This Python program randomly generates paragraphs using a Context
Free Grammar (CFG). It takes two JSON files as inputs: a rule
dictionary containing phrase structure rules and a lexical
dictionary containing words grouped by parts of speech. It outputs
the file generated_paragraphs.txt, which contains the randomly
generated sentences split between one or more paragraphs.
By having the dictionaries separate from the program, the hope is to eventually allow for the generation of paragraphs in a variety of languages. However, this is a long-term goal, as the program is still being developed to handle a wide range of English sentence generation possibilities.
The rule dictionary contains phrase structure rules and weights for the outputs. These weights are arbitrarily chosen as their purpose is not to mimic the distribution of various constructions in English sentences, but to ensure that sentences do not expand infinitely.
The format of the entries looks like the following:
{"NP":
{"outputs":
["AdjP N", "N PP", "N Conj N", "N"],
"weights":
[15, 30, 40, 90]
}
}The lexical dictionary contains lists of words organized by parts of speech. Currently the set of words is small for testing purposes.
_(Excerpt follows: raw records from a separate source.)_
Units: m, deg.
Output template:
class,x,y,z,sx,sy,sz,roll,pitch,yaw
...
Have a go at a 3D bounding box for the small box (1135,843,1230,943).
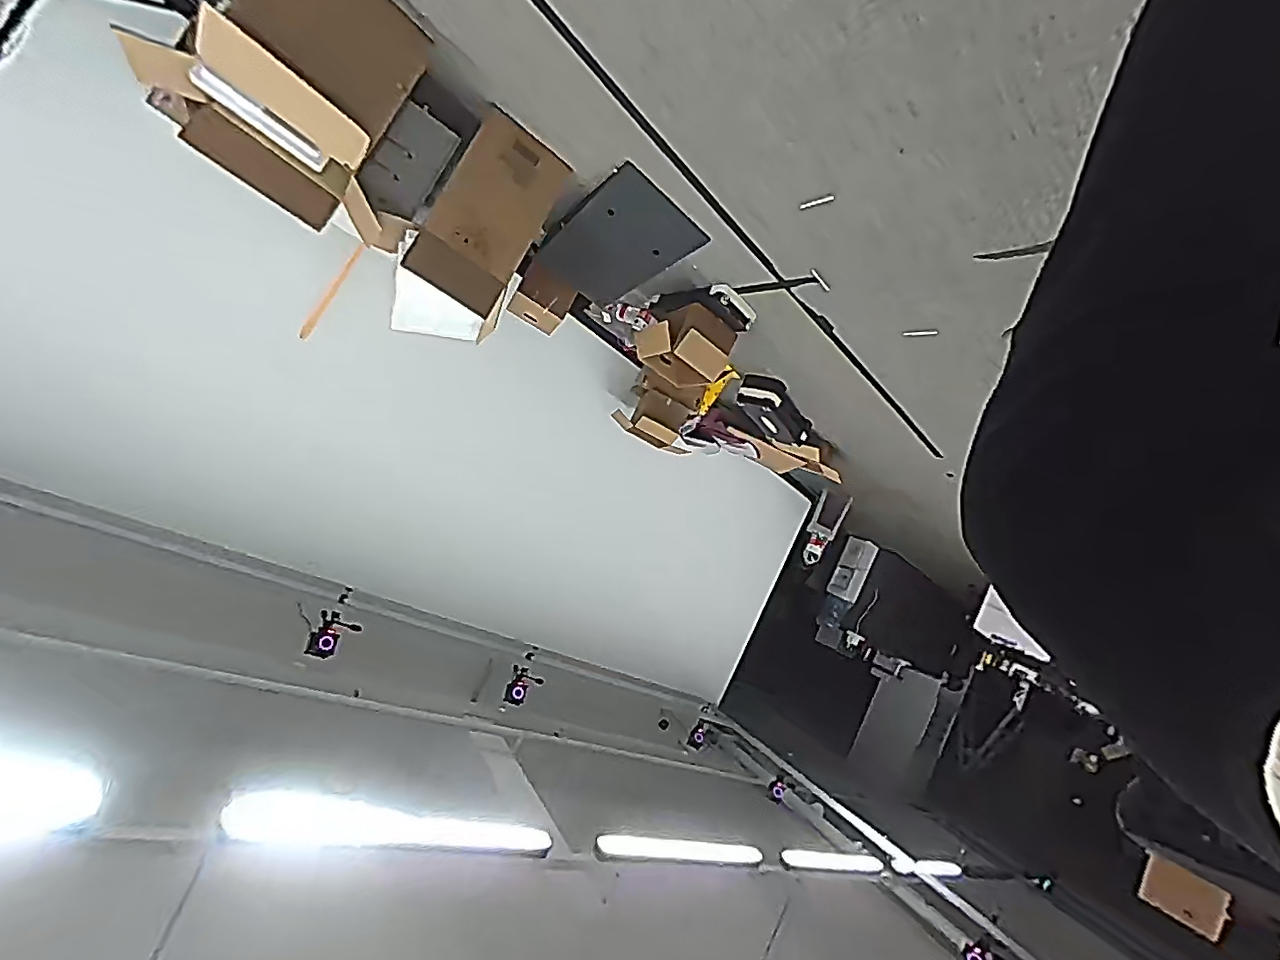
class,x,y,z,sx,sy,sz,roll,pitch,yaw
small box,1.618,1.217,1.610,0.179,0.176,0.168,31,172,-39
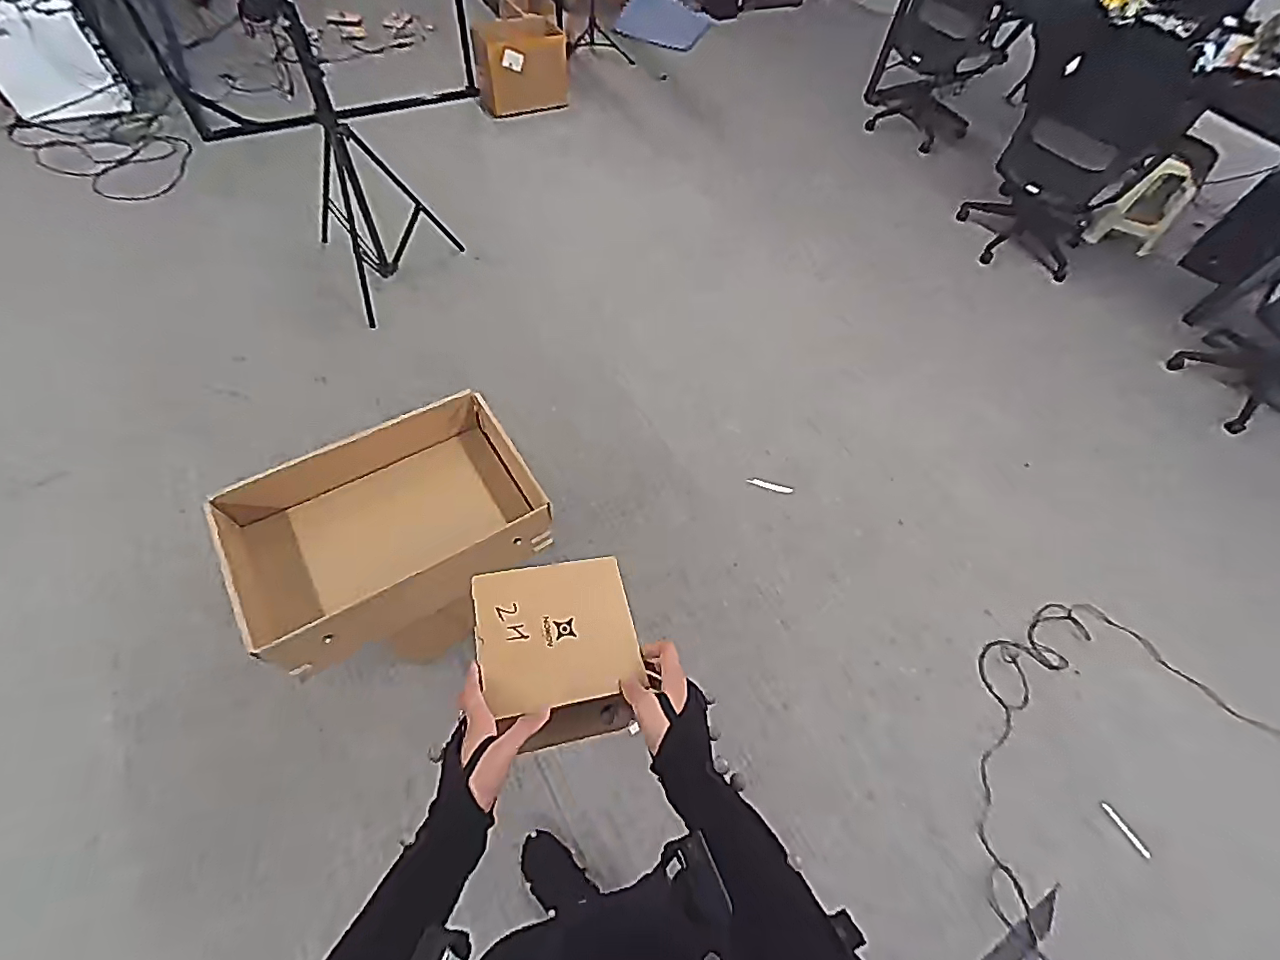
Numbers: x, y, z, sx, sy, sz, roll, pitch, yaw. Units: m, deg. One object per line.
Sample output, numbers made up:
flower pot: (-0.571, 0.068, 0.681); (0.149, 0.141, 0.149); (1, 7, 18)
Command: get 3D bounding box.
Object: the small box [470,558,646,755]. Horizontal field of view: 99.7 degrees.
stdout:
small box: (-0.108, 0.217, 0.662); (0.179, 0.176, 0.168); (-6, 53, -17)
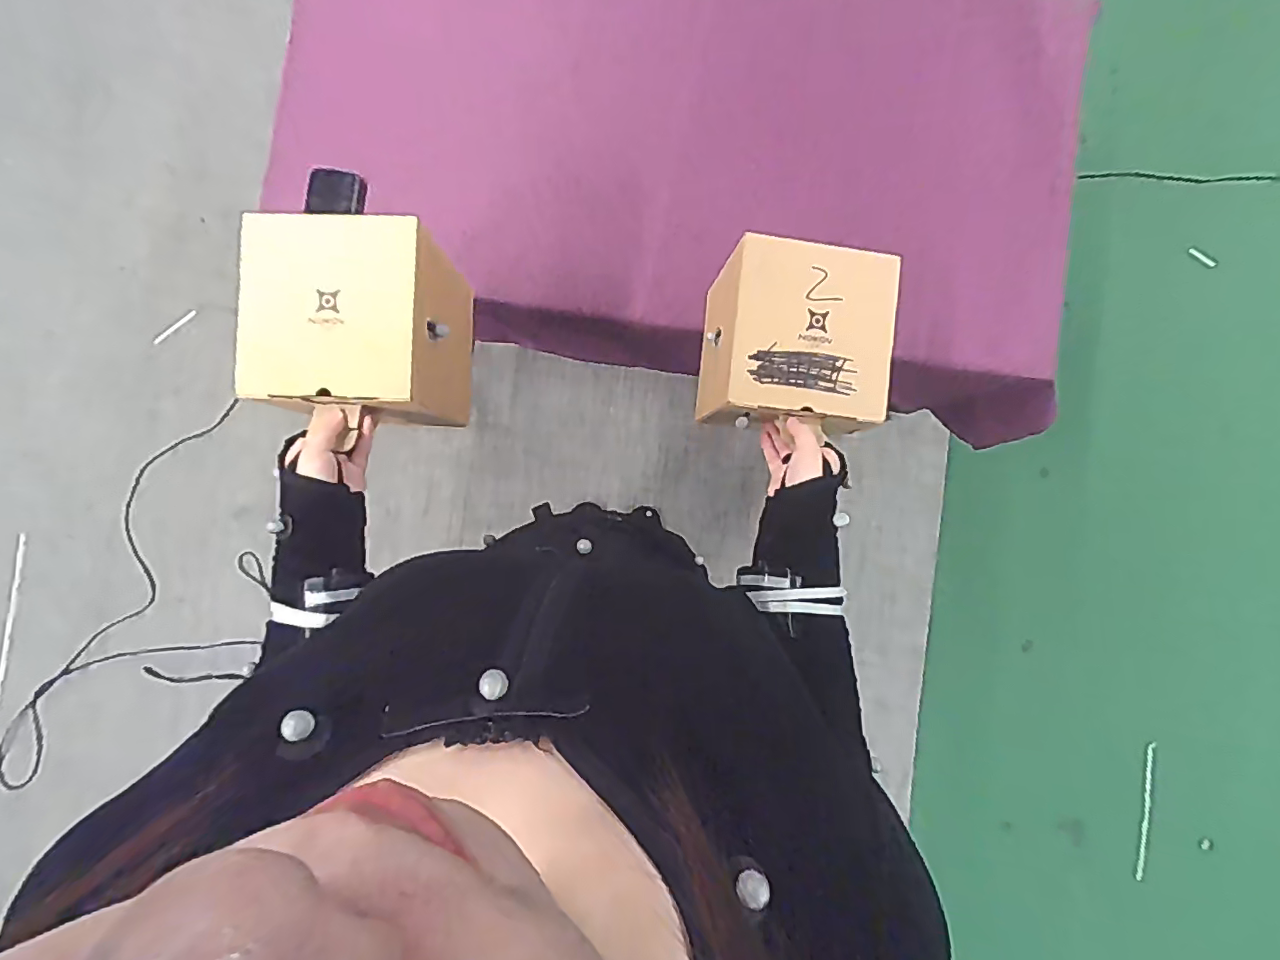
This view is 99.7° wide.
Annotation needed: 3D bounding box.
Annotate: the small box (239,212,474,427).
[{"bbox_3d":[-0.285,-0.157,0.581,0.168,0.176,0.179,2,89,0],"label":"small box"}]
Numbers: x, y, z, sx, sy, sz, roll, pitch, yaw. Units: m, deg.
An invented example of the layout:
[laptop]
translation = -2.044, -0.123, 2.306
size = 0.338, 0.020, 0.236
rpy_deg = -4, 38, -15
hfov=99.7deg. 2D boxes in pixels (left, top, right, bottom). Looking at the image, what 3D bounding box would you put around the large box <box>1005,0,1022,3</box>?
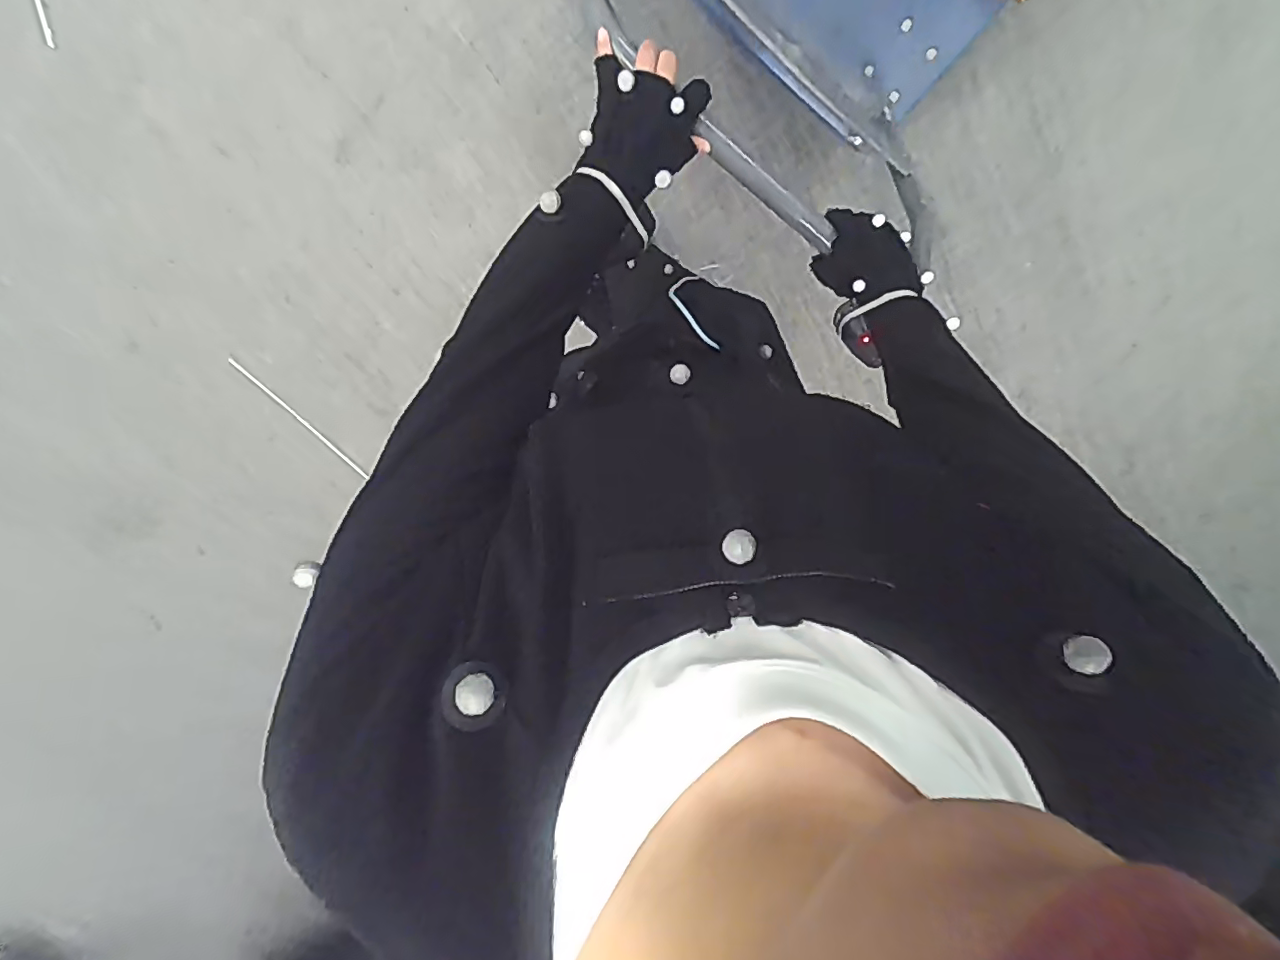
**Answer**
[large box]
translation = 0.486, -0.911, 0.654
size = 0.408, 0.320, 0.320
rpy_deg = 39, 130, -24

The format of the entries looks like the following:
{"P":
["in", "with", "to", "for", "on", "by"]
}- Re-write dictionary files from XML into JSON
- Re-write current version of program from C# into Python
- Develop a system for tracking agreement
- Develop a system for handling multiple tenses
- Develop a system for handling verb complements
- Develop a system for question inversion
- Investigate HPSGs to see if those would work better